• _Task prompt_
Beginning at the line containing "What is the value", repeat each line below exactly up to and including the line containing "Answer the question". Do not repeat the pictures.

Recorded data
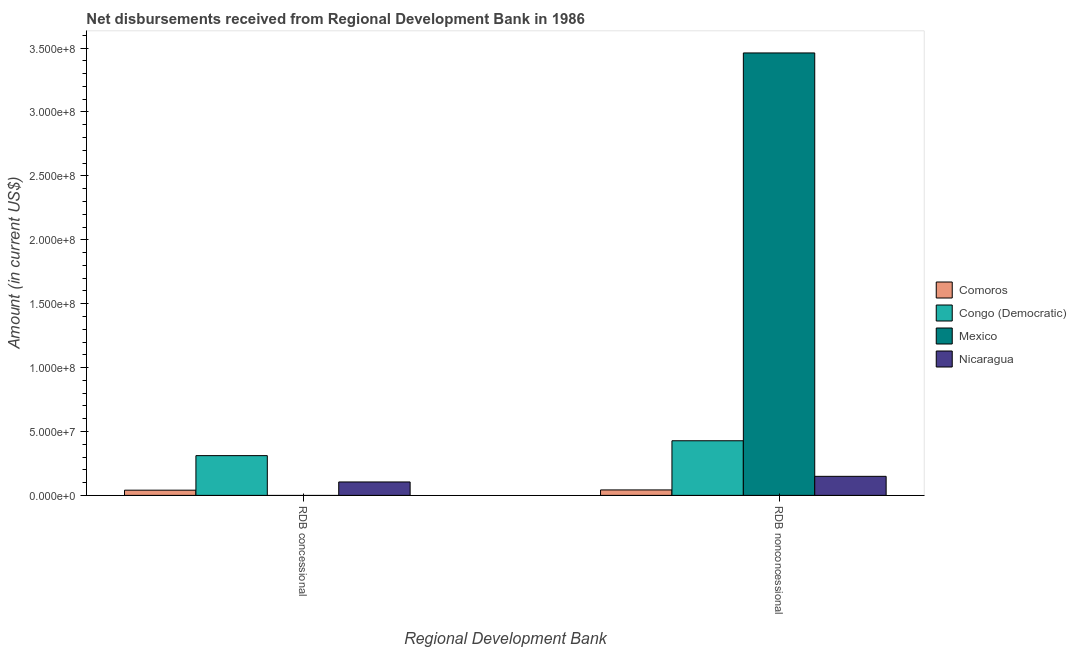Are the number of bars per tick equal to the number of legend labels?
Your answer should be compact. No. Are the number of bars on each tick of the X-axis equal?
Keep it short and to the point. No. How many bars are there on the 1st tick from the left?
Provide a short and direct response. 3. How many bars are there on the 1st tick from the right?
Keep it short and to the point. 4. What is the label of the 2nd group of bars from the left?
Provide a short and direct response. RDB nonconcessional. What is the net non concessional disbursements from rdb in Comoros?
Offer a very short reply. 4.27e+06. Across all countries, what is the maximum net non concessional disbursements from rdb?
Keep it short and to the point. 3.46e+08. In which country was the net concessional disbursements from rdb maximum?
Provide a short and direct response. Congo (Democratic). What is the total net non concessional disbursements from rdb in the graph?
Give a very brief answer. 4.08e+08. What is the difference between the net concessional disbursements from rdb in Nicaragua and that in Comoros?
Your answer should be very brief. 6.43e+06. What is the difference between the net concessional disbursements from rdb in Mexico and the net non concessional disbursements from rdb in Nicaragua?
Provide a succinct answer. -1.49e+07. What is the average net concessional disbursements from rdb per country?
Offer a terse response. 1.14e+07. What is the difference between the net non concessional disbursements from rdb and net concessional disbursements from rdb in Comoros?
Provide a succinct answer. 1.97e+05. What is the ratio of the net non concessional disbursements from rdb in Congo (Democratic) to that in Comoros?
Provide a succinct answer. 10. What is the difference between two consecutive major ticks on the Y-axis?
Keep it short and to the point. 5.00e+07. Are the values on the major ticks of Y-axis written in scientific E-notation?
Make the answer very short. Yes. Does the graph contain any zero values?
Offer a very short reply. Yes. Does the graph contain grids?
Keep it short and to the point. No. How are the legend labels stacked?
Offer a terse response. Vertical. What is the title of the graph?
Give a very brief answer. Net disbursements received from Regional Development Bank in 1986. Does "Tonga" appear as one of the legend labels in the graph?
Give a very brief answer. No. What is the label or title of the X-axis?
Provide a succinct answer. Regional Development Bank. What is the Amount (in current US$) of Comoros in RDB concessional?
Make the answer very short. 4.08e+06. What is the Amount (in current US$) in Congo (Democratic) in RDB concessional?
Give a very brief answer. 3.11e+07. What is the Amount (in current US$) in Mexico in RDB concessional?
Your response must be concise. 0. What is the Amount (in current US$) in Nicaragua in RDB concessional?
Offer a terse response. 1.05e+07. What is the Amount (in current US$) in Comoros in RDB nonconcessional?
Your response must be concise. 4.27e+06. What is the Amount (in current US$) of Congo (Democratic) in RDB nonconcessional?
Your response must be concise. 4.27e+07. What is the Amount (in current US$) in Mexico in RDB nonconcessional?
Make the answer very short. 3.46e+08. What is the Amount (in current US$) of Nicaragua in RDB nonconcessional?
Provide a short and direct response. 1.49e+07. Across all Regional Development Bank, what is the maximum Amount (in current US$) of Comoros?
Provide a short and direct response. 4.27e+06. Across all Regional Development Bank, what is the maximum Amount (in current US$) of Congo (Democratic)?
Your answer should be very brief. 4.27e+07. Across all Regional Development Bank, what is the maximum Amount (in current US$) in Mexico?
Make the answer very short. 3.46e+08. Across all Regional Development Bank, what is the maximum Amount (in current US$) in Nicaragua?
Offer a terse response. 1.49e+07. Across all Regional Development Bank, what is the minimum Amount (in current US$) in Comoros?
Your response must be concise. 4.08e+06. Across all Regional Development Bank, what is the minimum Amount (in current US$) of Congo (Democratic)?
Your response must be concise. 3.11e+07. Across all Regional Development Bank, what is the minimum Amount (in current US$) in Mexico?
Provide a succinct answer. 0. Across all Regional Development Bank, what is the minimum Amount (in current US$) in Nicaragua?
Keep it short and to the point. 1.05e+07. What is the total Amount (in current US$) of Comoros in the graph?
Your answer should be very brief. 8.35e+06. What is the total Amount (in current US$) in Congo (Democratic) in the graph?
Offer a terse response. 7.39e+07. What is the total Amount (in current US$) in Mexico in the graph?
Ensure brevity in your answer.  3.46e+08. What is the total Amount (in current US$) of Nicaragua in the graph?
Make the answer very short. 2.54e+07. What is the difference between the Amount (in current US$) in Comoros in RDB concessional and that in RDB nonconcessional?
Provide a short and direct response. -1.97e+05. What is the difference between the Amount (in current US$) in Congo (Democratic) in RDB concessional and that in RDB nonconcessional?
Give a very brief answer. -1.16e+07. What is the difference between the Amount (in current US$) in Nicaragua in RDB concessional and that in RDB nonconcessional?
Provide a succinct answer. -4.39e+06. What is the difference between the Amount (in current US$) of Comoros in RDB concessional and the Amount (in current US$) of Congo (Democratic) in RDB nonconcessional?
Provide a succinct answer. -3.87e+07. What is the difference between the Amount (in current US$) of Comoros in RDB concessional and the Amount (in current US$) of Mexico in RDB nonconcessional?
Give a very brief answer. -3.42e+08. What is the difference between the Amount (in current US$) of Comoros in RDB concessional and the Amount (in current US$) of Nicaragua in RDB nonconcessional?
Keep it short and to the point. -1.08e+07. What is the difference between the Amount (in current US$) in Congo (Democratic) in RDB concessional and the Amount (in current US$) in Mexico in RDB nonconcessional?
Your answer should be compact. -3.15e+08. What is the difference between the Amount (in current US$) in Congo (Democratic) in RDB concessional and the Amount (in current US$) in Nicaragua in RDB nonconcessional?
Offer a very short reply. 1.62e+07. What is the average Amount (in current US$) in Comoros per Regional Development Bank?
Give a very brief answer. 4.17e+06. What is the average Amount (in current US$) in Congo (Democratic) per Regional Development Bank?
Your response must be concise. 3.69e+07. What is the average Amount (in current US$) of Mexico per Regional Development Bank?
Your answer should be very brief. 1.73e+08. What is the average Amount (in current US$) of Nicaragua per Regional Development Bank?
Provide a short and direct response. 1.27e+07. What is the difference between the Amount (in current US$) in Comoros and Amount (in current US$) in Congo (Democratic) in RDB concessional?
Make the answer very short. -2.70e+07. What is the difference between the Amount (in current US$) in Comoros and Amount (in current US$) in Nicaragua in RDB concessional?
Your answer should be compact. -6.43e+06. What is the difference between the Amount (in current US$) in Congo (Democratic) and Amount (in current US$) in Nicaragua in RDB concessional?
Your answer should be very brief. 2.06e+07. What is the difference between the Amount (in current US$) of Comoros and Amount (in current US$) of Congo (Democratic) in RDB nonconcessional?
Keep it short and to the point. -3.85e+07. What is the difference between the Amount (in current US$) of Comoros and Amount (in current US$) of Mexico in RDB nonconcessional?
Ensure brevity in your answer.  -3.42e+08. What is the difference between the Amount (in current US$) of Comoros and Amount (in current US$) of Nicaragua in RDB nonconcessional?
Offer a very short reply. -1.06e+07. What is the difference between the Amount (in current US$) of Congo (Democratic) and Amount (in current US$) of Mexico in RDB nonconcessional?
Your answer should be compact. -3.03e+08. What is the difference between the Amount (in current US$) of Congo (Democratic) and Amount (in current US$) of Nicaragua in RDB nonconcessional?
Your answer should be compact. 2.78e+07. What is the difference between the Amount (in current US$) in Mexico and Amount (in current US$) in Nicaragua in RDB nonconcessional?
Offer a very short reply. 3.31e+08. What is the ratio of the Amount (in current US$) of Comoros in RDB concessional to that in RDB nonconcessional?
Your response must be concise. 0.95. What is the ratio of the Amount (in current US$) in Congo (Democratic) in RDB concessional to that in RDB nonconcessional?
Provide a short and direct response. 0.73. What is the ratio of the Amount (in current US$) in Nicaragua in RDB concessional to that in RDB nonconcessional?
Offer a terse response. 0.71. What is the difference between the highest and the second highest Amount (in current US$) in Comoros?
Offer a terse response. 1.97e+05. What is the difference between the highest and the second highest Amount (in current US$) of Congo (Democratic)?
Your response must be concise. 1.16e+07. What is the difference between the highest and the second highest Amount (in current US$) of Nicaragua?
Keep it short and to the point. 4.39e+06. What is the difference between the highest and the lowest Amount (in current US$) in Comoros?
Offer a very short reply. 1.97e+05. What is the difference between the highest and the lowest Amount (in current US$) in Congo (Democratic)?
Give a very brief answer. 1.16e+07. What is the difference between the highest and the lowest Amount (in current US$) of Mexico?
Provide a succinct answer. 3.46e+08. What is the difference between the highest and the lowest Amount (in current US$) in Nicaragua?
Make the answer very short. 4.39e+06. 
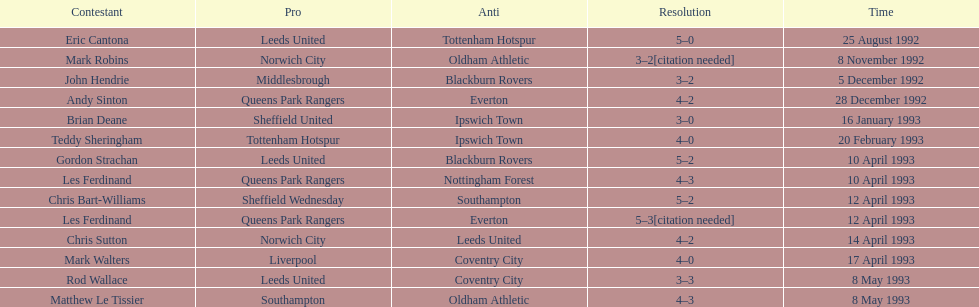Which player had the same result as mark robins? John Hendrie. 
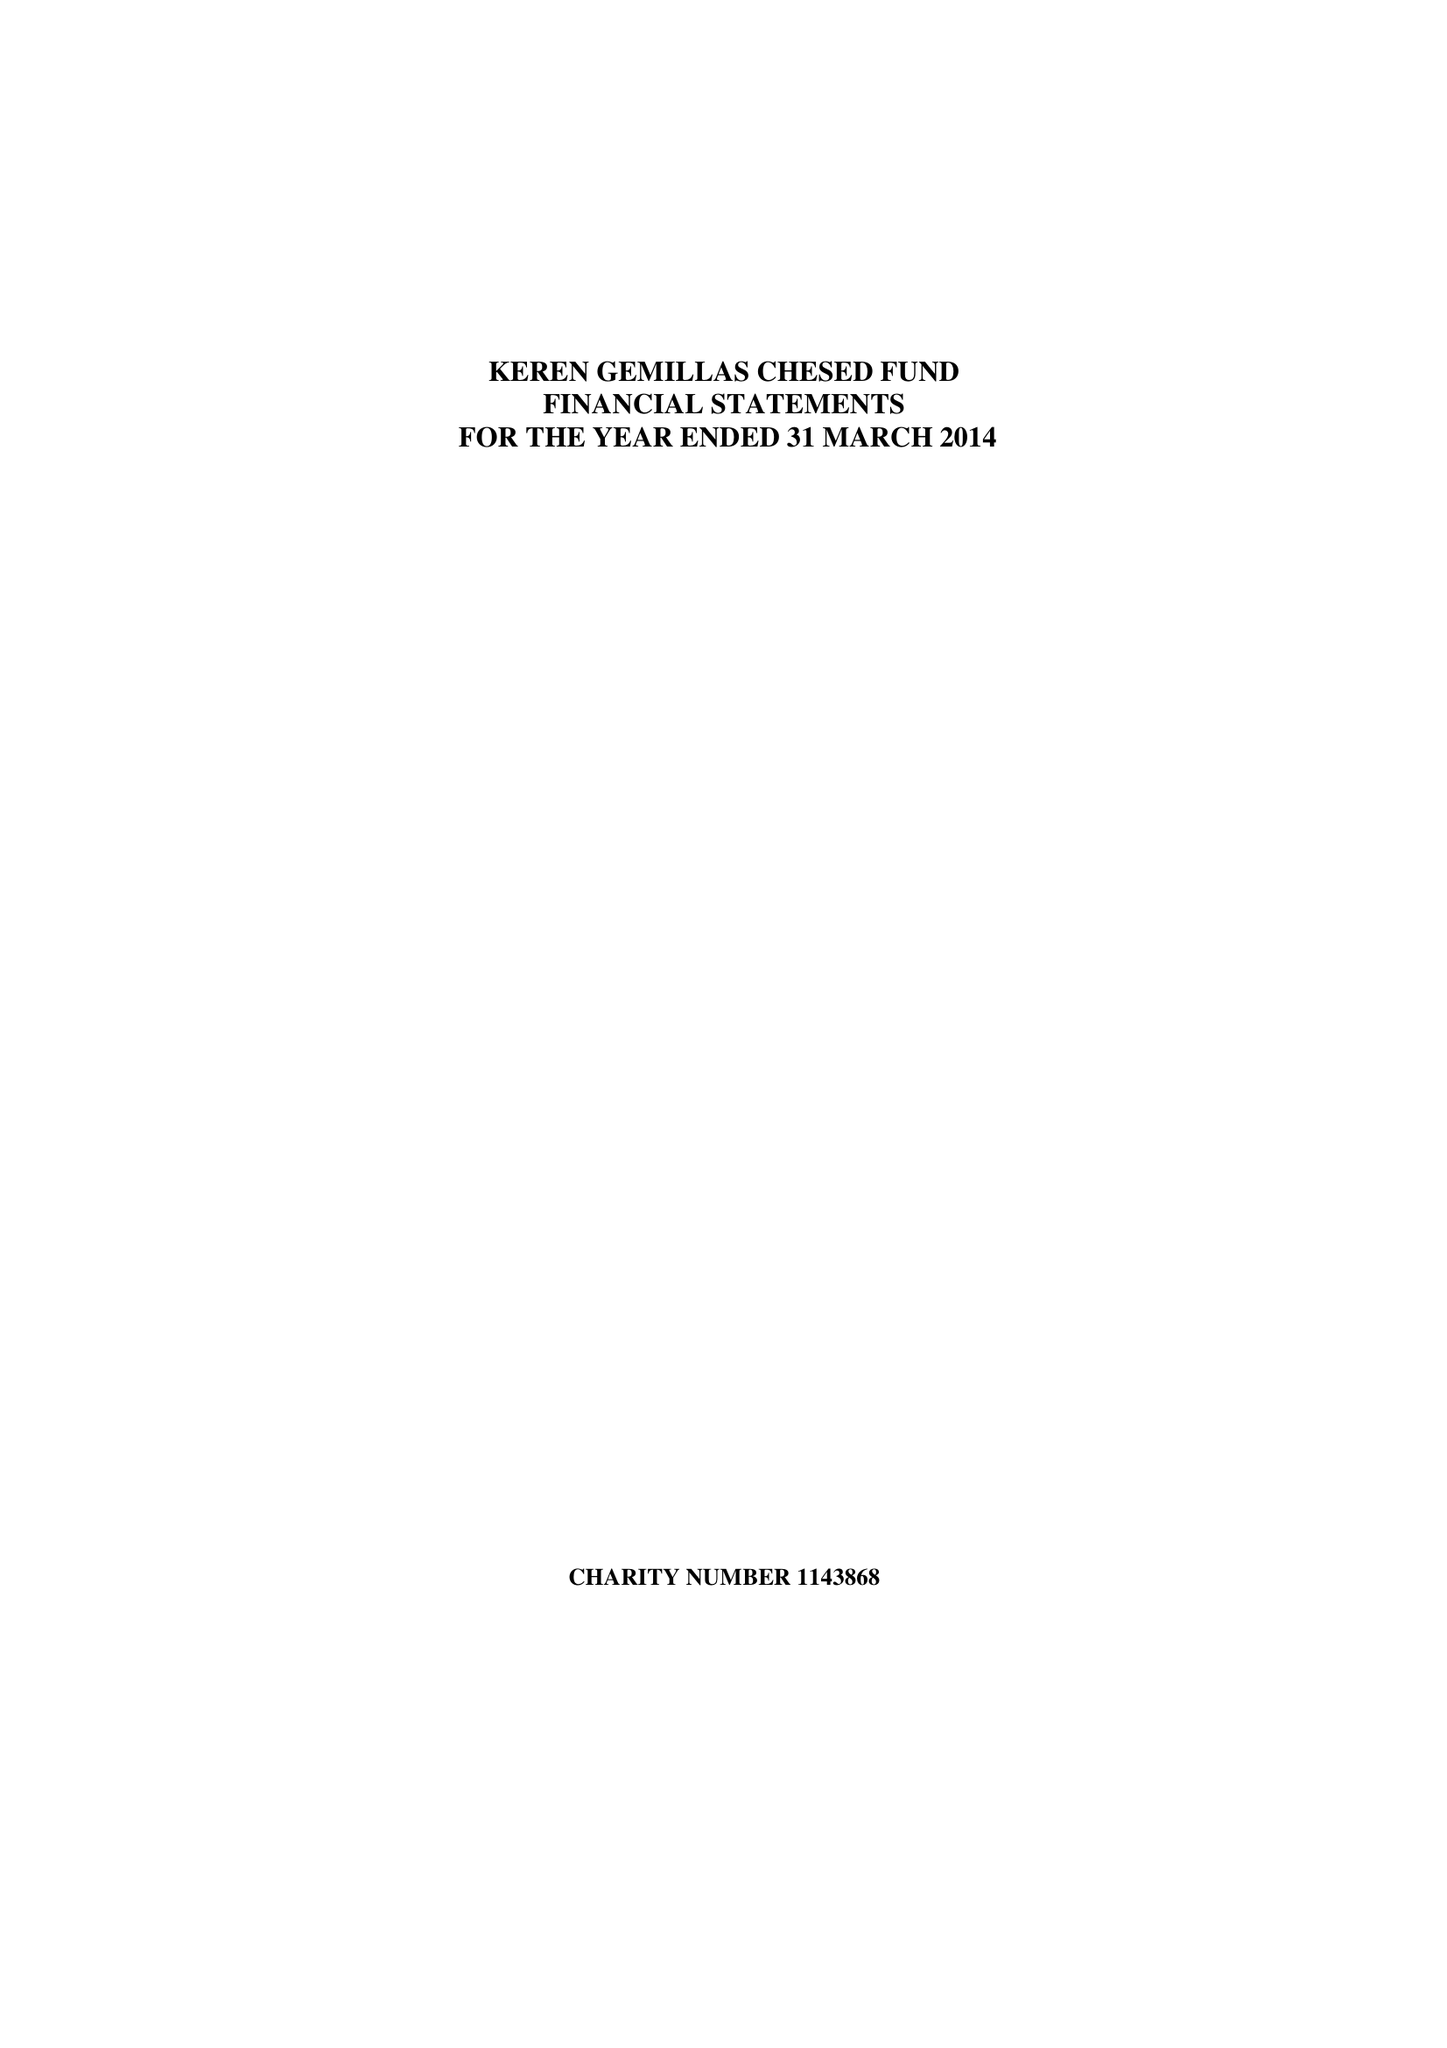What is the value for the address__street_line?
Answer the question using a single word or phrase. None 
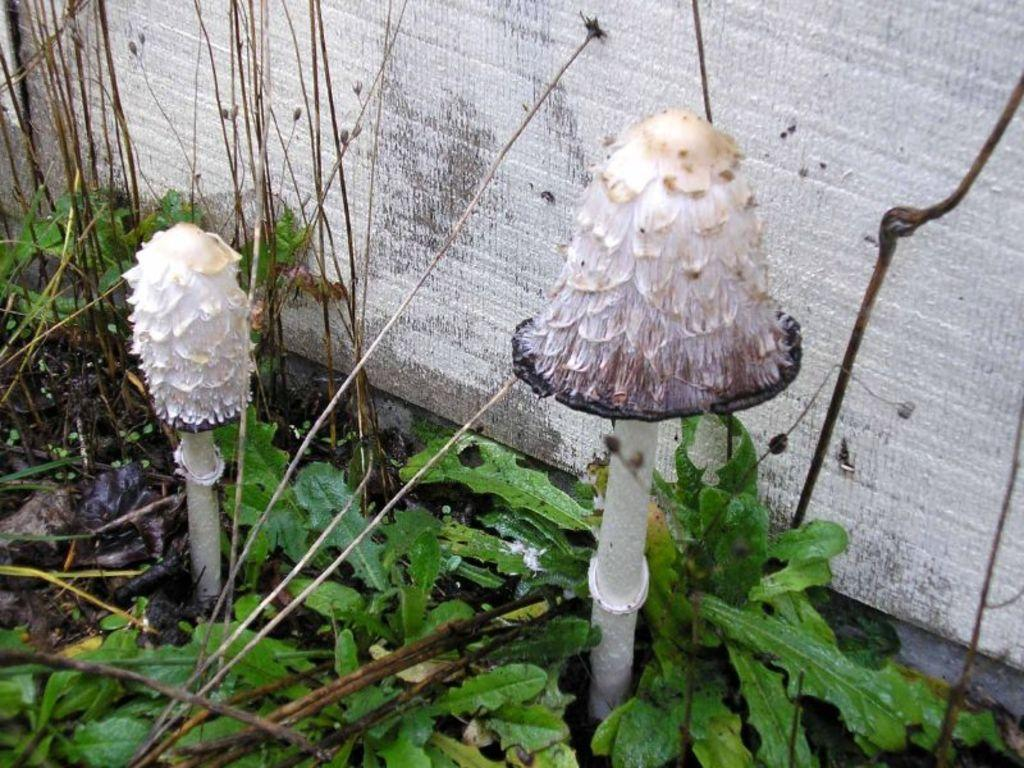What is located in the center of the image? There are mushrooms and plants in the center of the image. Can you describe the plants in the image? The plants in the image are not specified, but they are located in the center along with the mushrooms. What is visible in the background of the image? There is a wall in the background of the image. What type of arm is visible in the image? There is no arm present in the image. Can you describe the woman in the image? There is no woman present in the image. 
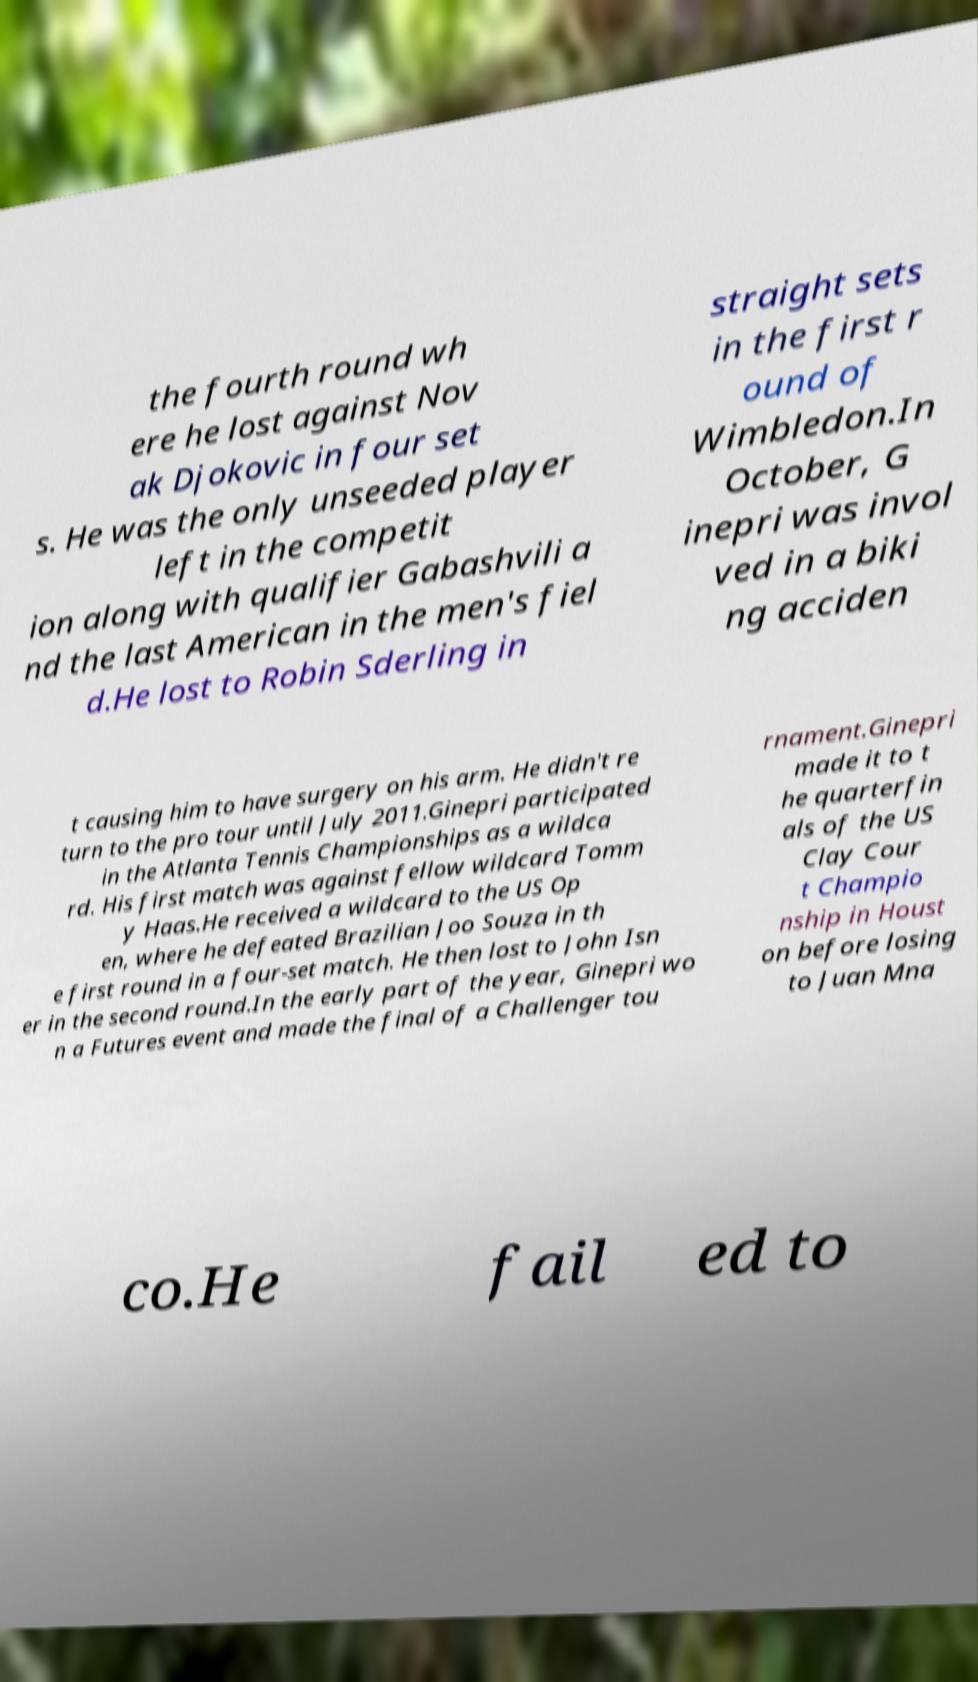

• _Solution for this problem_
What is the value for the address__street_line?
Answer the question using a single word or phrase. None 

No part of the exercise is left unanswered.